女巫听他这样说,这才选了五六支将开未开的花枝剪下,抱在怀里,竟是好大一捧。她两手捧着花束,回头向他微笑。黑桃K先生在一旁看着,只觉她的面容与鲜花两相辉映,比起平常来更显明丽,竟不知该用什么言语形容,不觉为之倾倒。

女巫见他发愣,决定要找些话题来聊,就笑着说:

“我一直喜欢花儿,只是住在公寓里,简直什么都养不活。”

“既然这样,我要他们天天送鲜切花到你房间去。
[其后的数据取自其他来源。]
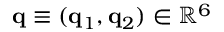Convert formula to latex. <formula><loc_0><loc_0><loc_500><loc_500>{ q } \equiv ( { q } _ { 1 } , { q } _ { 2 } ) \in \mathbb { R } ^ { 6 }</formula> 
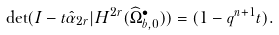<formula> <loc_0><loc_0><loc_500><loc_500>\det ( I - t \hat { \alpha } _ { 2 r } | H ^ { 2 r } ( \widehat { \Omega } ^ { \bullet } _ { b , 0 } ) ) = ( 1 - q ^ { n + 1 } t ) .</formula> 
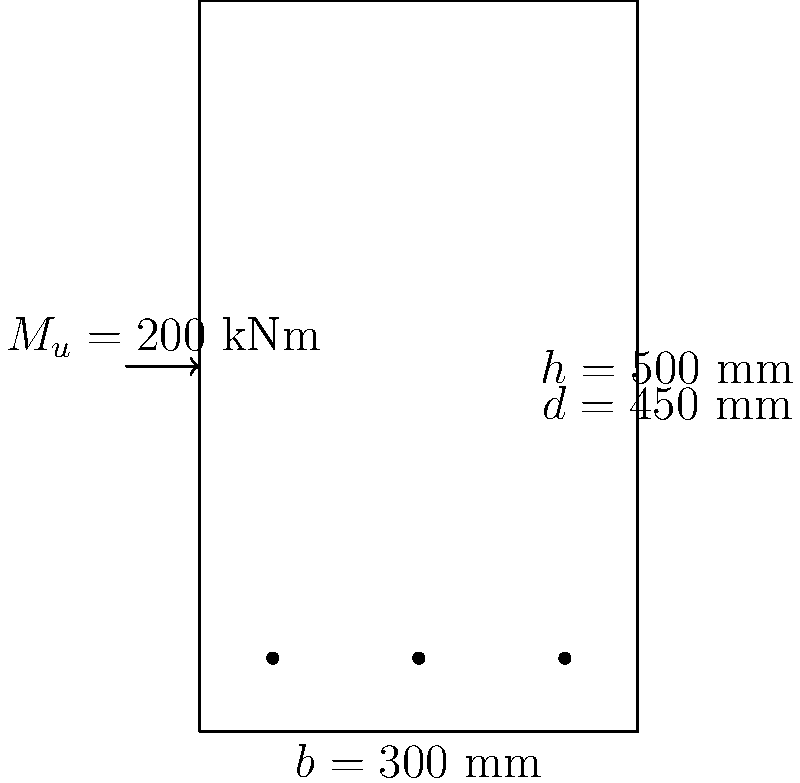Given a rectangular concrete beam section with dimensions $b = 300$ mm, $h = 500$ mm, and $d = 450$ mm, subjected to an ultimate moment $M_u = 200$ kNm, determine the required area of tension reinforcement $A_s$. Assume concrete strength $f_{ck} = 30$ MPa and steel yield strength $f_y = 500$ MPa. Use the simplified rectangular stress block method for analysis. To solve this problem, we'll follow these steps:

1) Calculate the design strength of materials:
   $f_{cd} = 0.67 f_{ck} / 1.5 = 0.67 \times 30 / 1.5 = 13.4$ MPa
   $f_{yd} = f_y / 1.15 = 500 / 1.15 = 434.78$ MPa

2) Calculate the moment of resistance coefficient $K$:
   $K = \frac{M_u}{b d^2 f_{cd}} = \frac{200 \times 10^6}{300 \times 450^2 \times 13.4} = 0.231$

3) Calculate the lever arm coefficient $z$:
   $z = d(0.5 + \sqrt{0.25 - \frac{K}{0.9}}) = 450(0.5 + \sqrt{0.25 - \frac{0.231}{0.9}}) = 389.9$ mm

4) Calculate the area of steel required:
   $A_s = \frac{M_u}{0.87 f_{yd} z} = \frac{200 \times 10^6}{0.87 \times 434.78 \times 389.9} = 1357.8$ mm²

5) Check if the section is under-reinforced:
   $x = \frac{A_s f_{yd}}{0.567 f_{cd} b} = \frac{1357.8 \times 434.78}{0.567 \times 13.4 \times 300} = 185.7$ mm
   $x/d = 185.7 / 450 = 0.413 < 0.45$ (limit for ductile failure)

The section is under-reinforced, so the calculated $A_s$ is valid.
Answer: $A_s = 1357.8$ mm² 
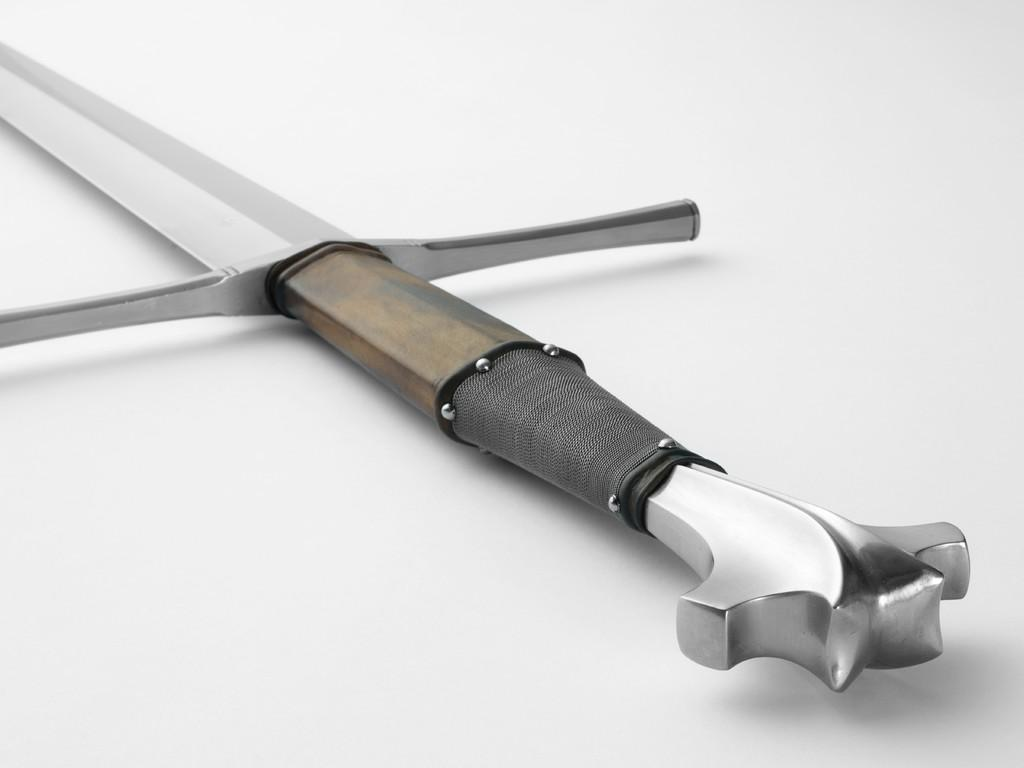What object is present in the image? There is a sword in the image. Where is the sword located? The sword is on a surface. What word is written on the sword in the image? There is no word written on the sword in the image. What type of apparel is the sword wearing in the image? Swords do not wear apparel, as they are inanimate objects. 
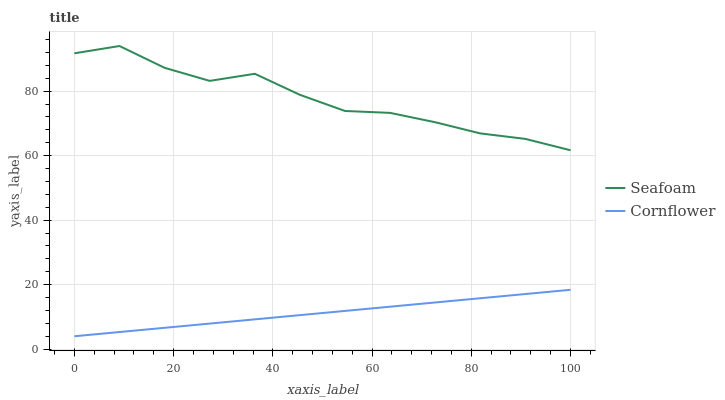Does Cornflower have the minimum area under the curve?
Answer yes or no. Yes. Does Seafoam have the maximum area under the curve?
Answer yes or no. Yes. Does Seafoam have the minimum area under the curve?
Answer yes or no. No. Is Cornflower the smoothest?
Answer yes or no. Yes. Is Seafoam the roughest?
Answer yes or no. Yes. Is Seafoam the smoothest?
Answer yes or no. No. Does Cornflower have the lowest value?
Answer yes or no. Yes. Does Seafoam have the lowest value?
Answer yes or no. No. Does Seafoam have the highest value?
Answer yes or no. Yes. Is Cornflower less than Seafoam?
Answer yes or no. Yes. Is Seafoam greater than Cornflower?
Answer yes or no. Yes. Does Cornflower intersect Seafoam?
Answer yes or no. No. 
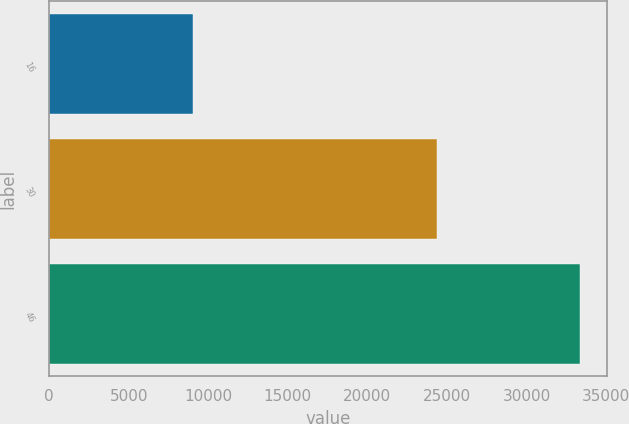Convert chart. <chart><loc_0><loc_0><loc_500><loc_500><bar_chart><fcel>16<fcel>30<fcel>46<nl><fcel>9017<fcel>24376<fcel>33393<nl></chart> 
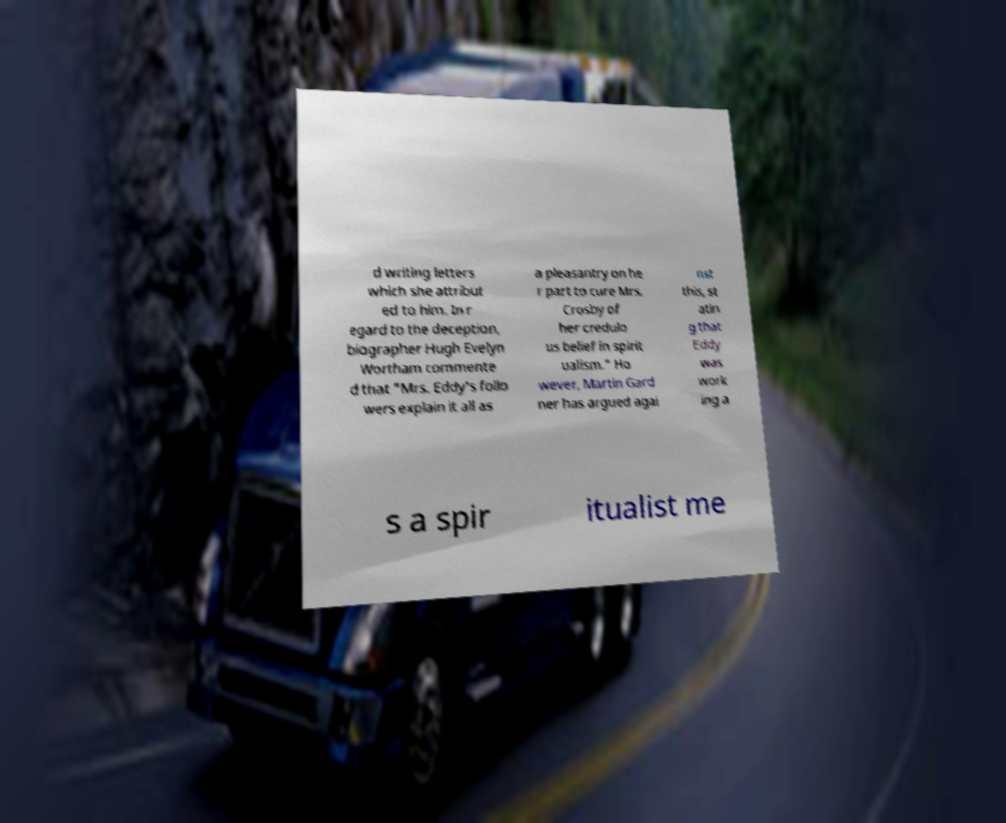For documentation purposes, I need the text within this image transcribed. Could you provide that? d writing letters which she attribut ed to him. In r egard to the deception, biographer Hugh Evelyn Wortham commente d that "Mrs. Eddy's follo wers explain it all as a pleasantry on he r part to cure Mrs. Crosby of her credulo us belief in spirit ualism." Ho wever, Martin Gard ner has argued agai nst this, st atin g that Eddy was work ing a s a spir itualist me 
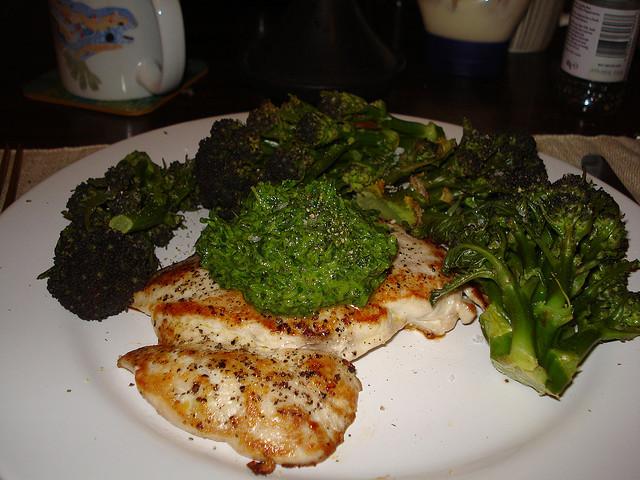How many meats are on the plate?
Answer briefly. 2. What kind of food is this?
Write a very short answer. Chicken and broccoli. What color is the main dish?
Quick response, please. White. Is this food hot or cold?
Be succinct. Hot. Does the broccoli look fresh?
Short answer required. Yes. Do you see pasta?
Keep it brief. No. Is this a healthy meal?
Be succinct. Yes. What kind of plate is this?
Answer briefly. White. Is there any meat here?
Answer briefly. Yes. What kind of potato are they having with their meal?
Quick response, please. None. Is there any bread in the picture?
Answer briefly. No. Are there any chopsticks on the plate?
Concise answer only. No. Do the greens appear fresh?
Concise answer only. Yes. What is the broccoli covered in?
Give a very brief answer. Oil. What type of greens are on the plate?
Keep it brief. Broccoli. How many different vegetables are on the plate?
Quick response, please. 1. How many plates are there?
Answer briefly. 1. Is the plate full?
Short answer required. Yes. Are there any vegetables on the plate?
Write a very short answer. Yes. What kind of meat is on the table?
Write a very short answer. Chicken. What color is dominant?
Write a very short answer. Green. Where does the protein live before it's caught?
Answer briefly. Farm. What kind of vegetable is this?
Keep it brief. Broccoli. Is there something here one might chew on to freshen the breathe after the meal?
Write a very short answer. No. What type of meat is on the plate?
Answer briefly. Chicken. What is the chicken and broccoli on top of?
Give a very brief answer. Plate. Is the plate round?
Short answer required. Yes. What kind of sauce is on this meat?
Quick response, please. Lemon pepper. How many tacos are on the plate?
Be succinct. 0. Is the food fatty?
Answer briefly. No. Is there a coffee cup?
Write a very short answer. Yes. What kind of restaurant is this?
Write a very short answer. American. What kind of meat is in this picture?
Concise answer only. Chicken. Do you see any fruit?
Concise answer only. No. What is the green vegetable?
Short answer required. Broccoli. Where would the green fruit grow?
Quick response, please. Ground. Are the portions bite sized?
Quick response, please. No. How many pickles are there?
Be succinct. 0. Is the food already cut?
Be succinct. No. Is this meal healthy?
Give a very brief answer. Yes. What are these creations made of?
Keep it brief. Chicken and broccoli. 
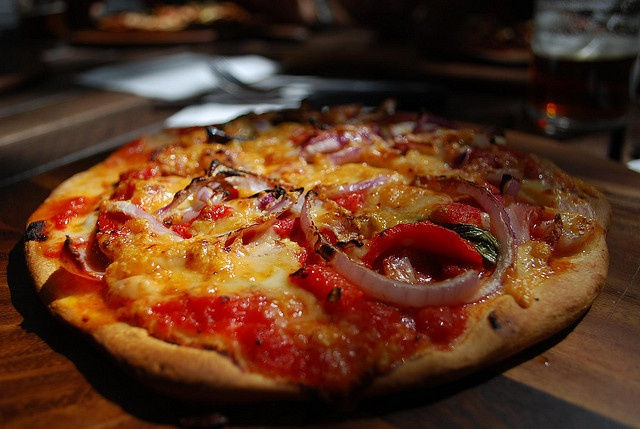Describe the objects in this image and their specific colors. I can see pizza in purple, maroon, black, and brown tones, dining table in purple, black, maroon, and brown tones, dining table in purple, black, maroon, gray, and brown tones, and fork in purple, black, gray, and darkgray tones in this image. 
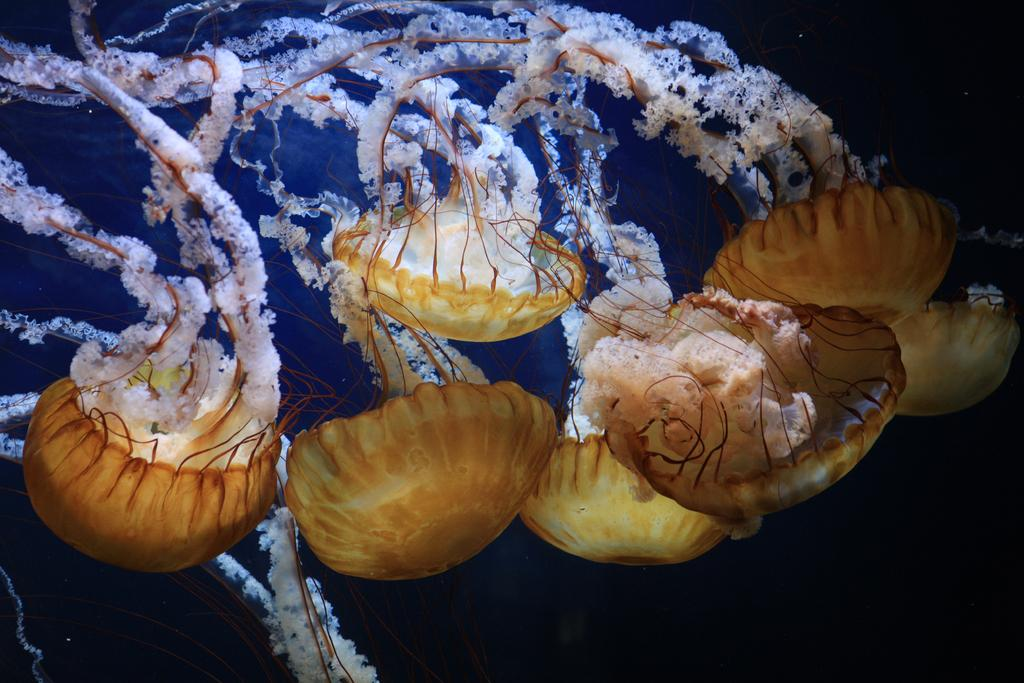What type of sea creatures are present in the image? There are jellyfishes in the image. Can you describe the appearance of the jellyfishes? The jellyfishes have a translucent, gelatinous body with long, trailing tentacles. What might be the natural habitat of these creatures? Jellyfishes are typically found in oceans and seas around the world. How many mice are playing with a beetle in the image? There are no mice or beetles present in the image; it features jellyfishes. What type of sisters can be seen interacting with the jellyfishes in the image? There are no sisters present in the image; it only features jellyfishes. 
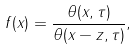Convert formula to latex. <formula><loc_0><loc_0><loc_500><loc_500>f ( x ) = \frac { \theta ( x , \tau ) } { \theta ( x - z , \tau ) } ,</formula> 
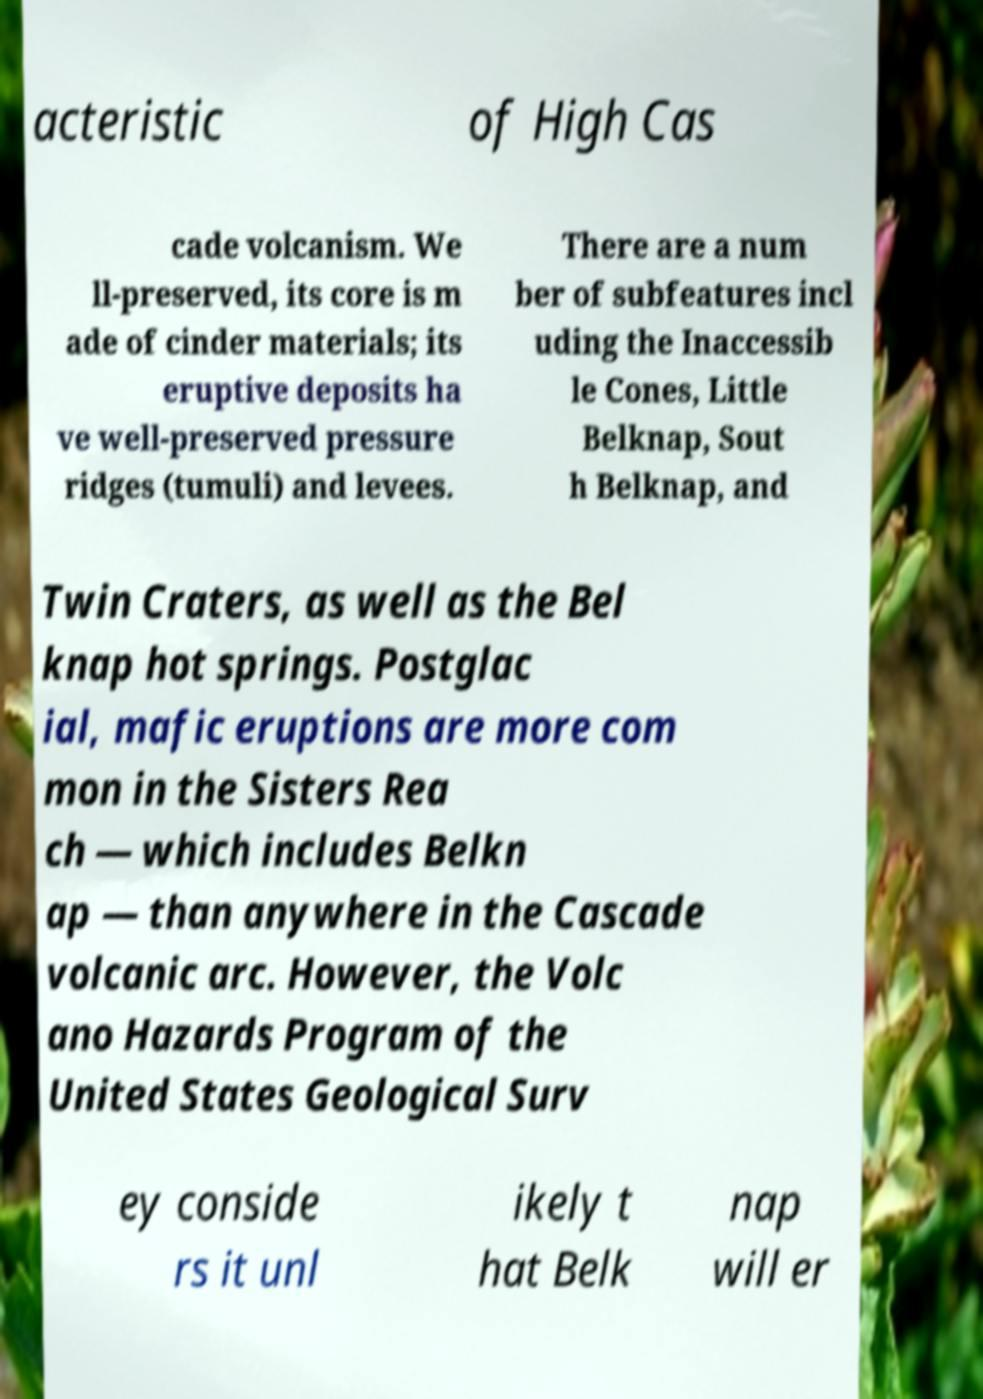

”

女巫又摇一摇头:

“住在这里的时候可以这样,等公寓修整好我搬回去,就又见不到花儿了。”

“那我以后每天都去给你送——”

这一句话脱口而出,就连黑桃K先生也觉得自己有些过分憨直,不好意思地抿住嘴唇。说不清为什么,这里明明是他更熟悉的环境,可当他站在这里的时候,与女巫相处起来,反而不如此前在她的公寓里那般自在。

黑桃K先生始终有些疑惑,弄不清昨晚在公寓窗前的接吻究竟是醒是梦。可他竟不敢问,生怕那当真只是黄粱一梦,一旦开口询问,就要彻底破碎。

此时夜幕已然降临,月亮却还不像上次那样高悬,蝉声鸣叫不休,多少有些恼人。这场景与昨夜的情景迥异,然而眼前的人披着一点淡淡月光,又有点像是他昨晚看见的那样。

他觉得他们之间的距离很近很近,却又隔着一层看不见的障蔽。丧失了之前的环境,他更不知道要怎样和她接近,全然不知所措。那一层屏障,虽然只是薄薄一层,却好像永远也突破不了。

女巫一笑,没有拒绝他的热情。她怀中的花束盛大浓艳,显得非常华丽,她本人却穿着极为朴素的衣袍。

他拿起剪刀,剪下一支正在怒放的花朵,插在她发间。她有点惊讶地看向他,随后笑问:

“这样好看吗?”

黑桃K先生点点头,她却像是有些羞惭似的垂下眼帘:

“花太美了,戴在我头上,反而会显得有点奇怪吧。”

怎么会呢。

黑桃K先生有点看得呆了,一时间不知要怎样去反驳她,只能说:

“没有,花朵衬得你非常美。”

此时空气中的氛围,又开始显得有些暧昧。他们离得很近,女巫看着黑桃K先生,他显得不知所措,有点呆呆的,如同在梦游。他正是在露出这种表情的时候才显得格外可爱,女巫有点情不自禁,在他唇上吻了一下。

这个吻很轻,与其说这是一个吻,倒不如说只是在他的唇上啄了一下。

但这次黑桃K先生可以确信这不是梦了,因为他是清清醒醒站在这里的。只是对这个吻的意味,他反而更加糊涂。它显得如此亲昵,却又这样短促。如果说这是某种爱,那它未免消失得过快。她到底是在以什么样的心情吻他?是把他当做恋人一样喜欢,还是像吻一只小狗小兔子那样?

这样一想,他反而有点委屈了。

天色又暗下去,这天的月光不如前一天那样明亮,女巫没有看出他那细微的表情变化,只是牵住了他的手:

“天晚了,我们回去吧。”

“我来帮你拿着花儿。”

他们手牵着手,沿着花园中的小径走回大宅里去。尼尔森先生在门口等着他们,从黑桃K先生手里接过他们剪下的花儿。他们一起走上楼梯,在房间门口分别。

之后一直过去了一周,他们就再没单独见过。